§ **Records contained in a dataset**:
____________

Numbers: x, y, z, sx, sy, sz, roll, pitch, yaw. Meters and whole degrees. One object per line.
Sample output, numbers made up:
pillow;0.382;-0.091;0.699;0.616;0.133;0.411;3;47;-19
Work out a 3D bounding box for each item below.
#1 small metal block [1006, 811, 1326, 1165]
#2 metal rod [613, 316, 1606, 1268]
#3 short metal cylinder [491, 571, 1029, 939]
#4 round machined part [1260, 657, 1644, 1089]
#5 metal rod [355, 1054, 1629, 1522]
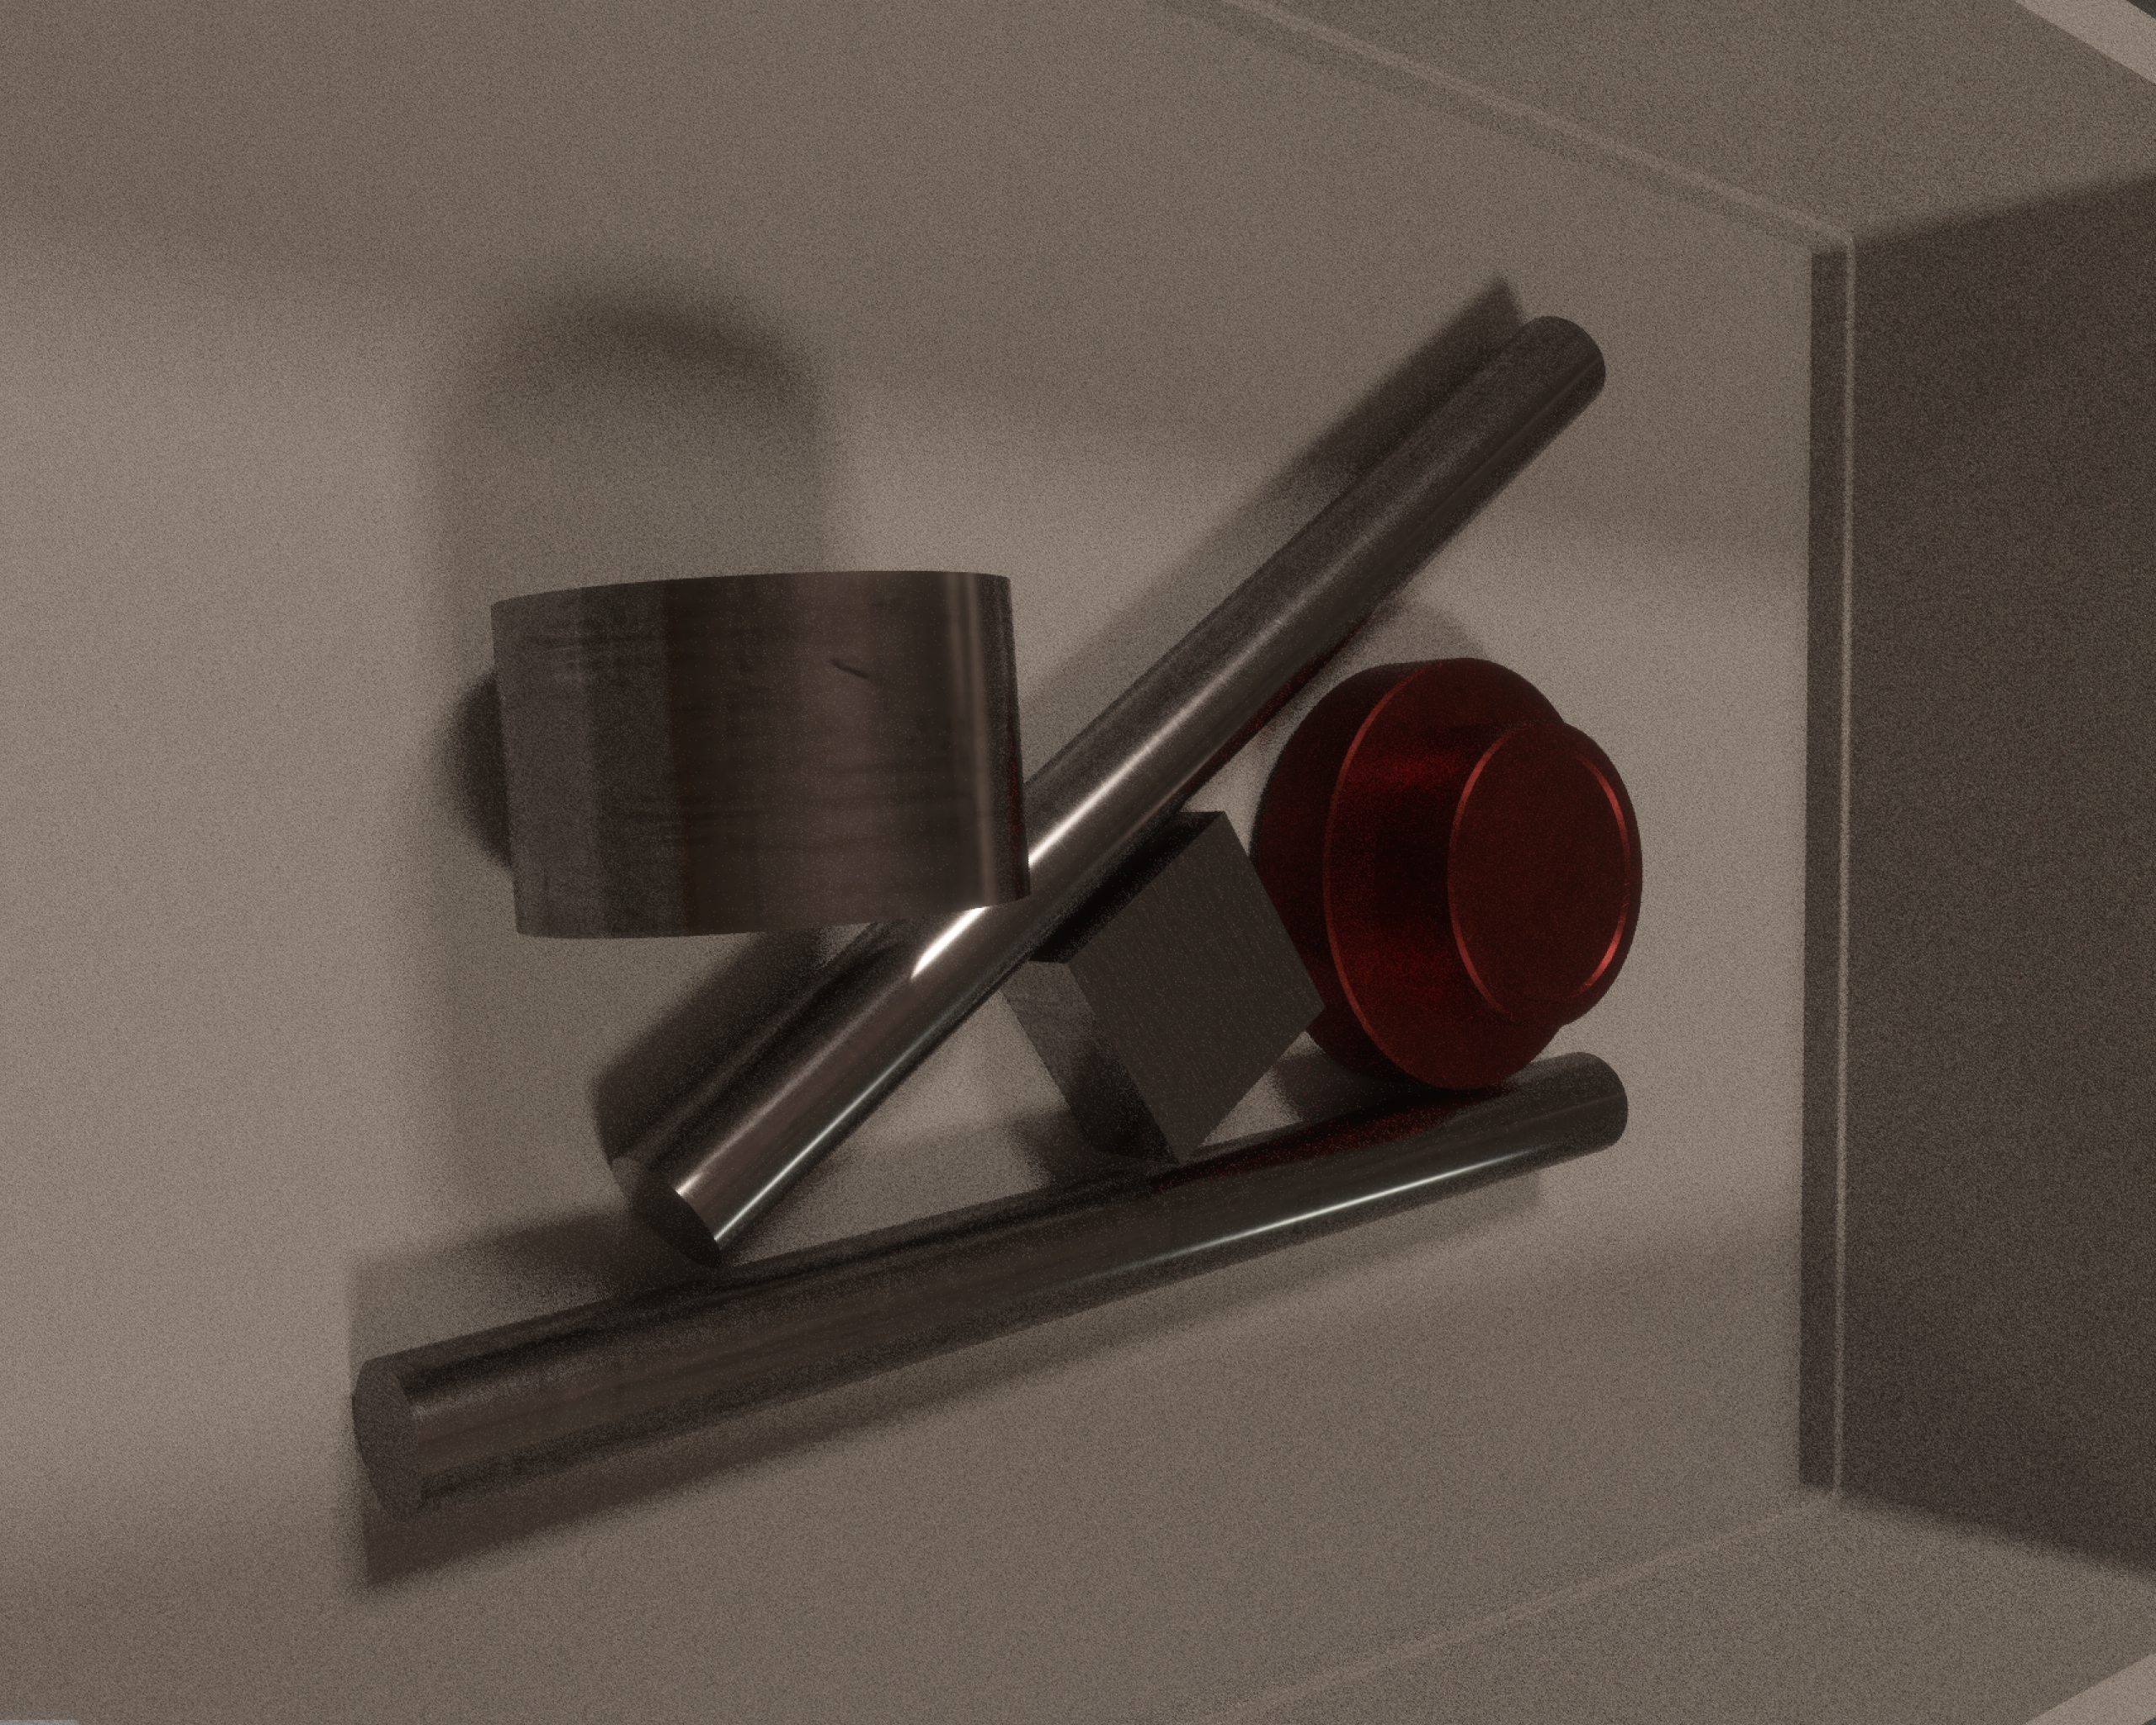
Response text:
small metal block;0.017;0.024;0.420;0.050;0.025;0.050;-43;116;-32
metal rod;0.024;-0.031;0.427;0.301;0.025;0.025;-44;117;-31
short metal cylinder;-0.049;-0.017;0.330;0.081;0.080;0.050;-7;95;-40
round machined part;0.090;0.002;0.470;0.099;0.042;0.097;0;90;-40
metal rod;0.010;0.073;0.415;0.302;0.025;0.025;-7;95;-40

____________

§ **ACTIVITY**: Print the records above exactly, minus pictures.

§ **FINISHED TASK**:
Numbers: x, y, z, sx, sy, sz, roll, pitch, yaw. Meters and whole degrees. One object per line.
Sample output, numbers made up:
pillow;0.382;-0.091;0.699;0.616;0.133;0.411;3;47;-19
Work out a 3D bounding box for each item below.
#1 small metal block [1006, 811, 1326, 1165]
#2 metal rod [613, 316, 1606, 1268]
#3 short metal cylinder [491, 571, 1029, 939]
#4 round machined part [1260, 657, 1644, 1089]
#5 metal rod [355, 1054, 1629, 1522]
Response text:
small metal block;0.017;0.024;0.420;0.050;0.025;0.050;-43;116;-32
metal rod;0.024;-0.031;0.427;0.301;0.025;0.025;-44;117;-31
short metal cylinder;-0.049;-0.017;0.330;0.081;0.080;0.050;-7;95;-40
round machined part;0.090;0.002;0.470;0.099;0.042;0.097;0;90;-40
metal rod;0.010;0.073;0.415;0.302;0.025;0.025;-7;95;-40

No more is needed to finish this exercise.